(EXERCISE DATA begins)

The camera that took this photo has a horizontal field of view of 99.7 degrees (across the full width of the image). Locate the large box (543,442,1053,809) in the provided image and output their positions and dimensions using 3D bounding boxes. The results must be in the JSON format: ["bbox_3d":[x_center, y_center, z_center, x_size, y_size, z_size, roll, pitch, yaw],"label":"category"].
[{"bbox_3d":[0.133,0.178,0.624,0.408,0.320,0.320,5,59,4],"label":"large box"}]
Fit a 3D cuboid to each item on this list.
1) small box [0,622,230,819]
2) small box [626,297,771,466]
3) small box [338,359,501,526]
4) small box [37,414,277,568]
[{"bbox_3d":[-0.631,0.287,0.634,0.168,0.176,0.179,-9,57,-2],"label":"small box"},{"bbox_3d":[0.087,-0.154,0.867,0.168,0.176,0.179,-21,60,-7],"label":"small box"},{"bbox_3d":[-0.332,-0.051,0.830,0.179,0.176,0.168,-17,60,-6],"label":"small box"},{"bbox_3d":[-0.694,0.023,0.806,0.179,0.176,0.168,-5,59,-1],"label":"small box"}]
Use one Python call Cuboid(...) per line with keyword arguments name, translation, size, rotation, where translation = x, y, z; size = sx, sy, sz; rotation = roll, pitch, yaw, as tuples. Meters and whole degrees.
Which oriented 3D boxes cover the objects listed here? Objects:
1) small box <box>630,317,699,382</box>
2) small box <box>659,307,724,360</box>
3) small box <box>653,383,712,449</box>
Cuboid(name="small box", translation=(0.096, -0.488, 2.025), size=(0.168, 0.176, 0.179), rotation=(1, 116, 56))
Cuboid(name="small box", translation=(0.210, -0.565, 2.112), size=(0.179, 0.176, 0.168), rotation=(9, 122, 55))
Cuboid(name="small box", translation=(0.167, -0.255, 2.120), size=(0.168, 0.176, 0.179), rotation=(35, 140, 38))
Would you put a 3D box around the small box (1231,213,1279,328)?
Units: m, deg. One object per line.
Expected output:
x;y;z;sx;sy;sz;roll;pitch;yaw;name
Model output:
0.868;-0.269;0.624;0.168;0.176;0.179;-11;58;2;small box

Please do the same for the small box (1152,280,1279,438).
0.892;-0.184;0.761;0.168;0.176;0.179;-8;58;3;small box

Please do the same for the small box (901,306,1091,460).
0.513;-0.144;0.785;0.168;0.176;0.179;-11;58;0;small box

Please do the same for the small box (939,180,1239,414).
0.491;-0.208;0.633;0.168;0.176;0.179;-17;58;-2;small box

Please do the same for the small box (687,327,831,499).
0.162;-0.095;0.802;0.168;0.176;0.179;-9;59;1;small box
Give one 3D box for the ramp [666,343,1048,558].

(EXERCISE DATA ends)

### EXERCISE GOAL
Set down every entry exactly as it appears.

### ANSWER FOR THIS EXERCISE
The camera that took this photo has a horizontal field of view of 99.7 degrees (across the full width of the image). Locate the large box (543,442,1053,809) in the provided image and output their positions and dimensions using 3D bounding boxes. The results must be in the JSON format: ["bbox_3d":[x_center, y_center, z_center, x_size, y_size, z_size, roll, pitch, yaw],"label":"category"].
[{"bbox_3d":[0.133,0.178,0.624,0.408,0.320,0.320,5,59,4],"label":"large box"}]
Fit a 3D cuboid to each item on this list.
1) small box [0,622,230,819]
2) small box [626,297,771,466]
3) small box [338,359,501,526]
4) small box [37,414,277,568]
[{"bbox_3d":[-0.631,0.287,0.634,0.168,0.176,0.179,-9,57,-2],"label":"small box"},{"bbox_3d":[0.087,-0.154,0.867,0.168,0.176,0.179,-21,60,-7],"label":"small box"},{"bbox_3d":[-0.332,-0.051,0.830,0.179,0.176,0.168,-17,60,-6],"label":"small box"},{"bbox_3d":[-0.694,0.023,0.806,0.179,0.176,0.168,-5,59,-1],"label":"small box"}]
Use one Python call Cuboid(...) per line with keyword arguments name, translation, size, rotation, where translation = x, y, z; size = sx, sy, sz; rotation = roll, pitch, yaw, as tuples. Meters and whole degrees.
Which oriented 3D boxes cover the objects listed here? Objects:
1) small box <box>630,317,699,382</box>
2) small box <box>659,307,724,360</box>
3) small box <box>653,383,712,449</box>
Cuboid(name="small box", translation=(0.096, -0.488, 2.025), size=(0.168, 0.176, 0.179), rotation=(1, 116, 56))
Cuboid(name="small box", translation=(0.210, -0.565, 2.112), size=(0.179, 0.176, 0.168), rotation=(9, 122, 55))
Cuboid(name="small box", translation=(0.167, -0.255, 2.120), size=(0.168, 0.176, 0.179), rotation=(35, 140, 38))
Would you put a 3D box around the small box (1231,213,1279,328)?
Units: m, deg. One object per line.
Expected output:
x;y;z;sx;sy;sz;roll;pitch;yaw;name
Model output:
0.868;-0.269;0.624;0.168;0.176;0.179;-11;58;2;small box

Please do the same for the small box (1152,280,1279,438).
0.892;-0.184;0.761;0.168;0.176;0.179;-8;58;3;small box

Please do the same for the small box (901,306,1091,460).
0.513;-0.144;0.785;0.168;0.176;0.179;-11;58;0;small box

Please do the same for the small box (939,180,1239,414).
0.491;-0.208;0.633;0.168;0.176;0.179;-17;58;-2;small box

Please do the same for the small box (687,327,831,499).
0.162;-0.095;0.802;0.168;0.176;0.179;-9;59;1;small box
Give one 3D box for the ramp [666,343,1048,558].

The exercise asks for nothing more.